■ **EXERCISE DIRECTIONS**
Every line in the records below that holds "Numbers" must be identified and copied.

■ **EXTRACTED ENTRIES**

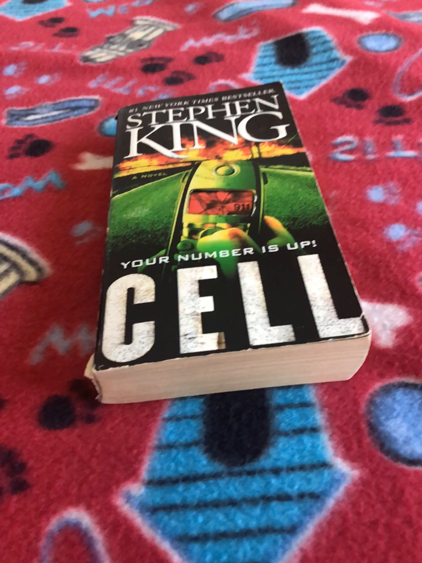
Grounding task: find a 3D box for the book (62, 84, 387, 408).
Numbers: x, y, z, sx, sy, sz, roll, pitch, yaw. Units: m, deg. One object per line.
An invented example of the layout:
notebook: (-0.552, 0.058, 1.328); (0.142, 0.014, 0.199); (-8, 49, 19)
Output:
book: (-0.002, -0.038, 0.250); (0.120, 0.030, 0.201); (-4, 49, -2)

--

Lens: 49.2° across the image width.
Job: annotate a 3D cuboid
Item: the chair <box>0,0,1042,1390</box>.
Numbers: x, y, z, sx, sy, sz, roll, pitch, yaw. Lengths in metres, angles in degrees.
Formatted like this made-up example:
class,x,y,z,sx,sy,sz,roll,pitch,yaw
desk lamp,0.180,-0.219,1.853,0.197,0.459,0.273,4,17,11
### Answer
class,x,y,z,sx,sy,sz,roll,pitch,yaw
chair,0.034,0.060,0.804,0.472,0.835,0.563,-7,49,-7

■ **OUTPUT FOR THIS TASK**
Numbers: x, y, z, sx, sy, sz, roll, pitch, yaw. Units: m, deg. One object per line.
Numbers: x, y, z, sx, sy, sz, roll, pitch, yaw. Lengths in metres, angles in degrees.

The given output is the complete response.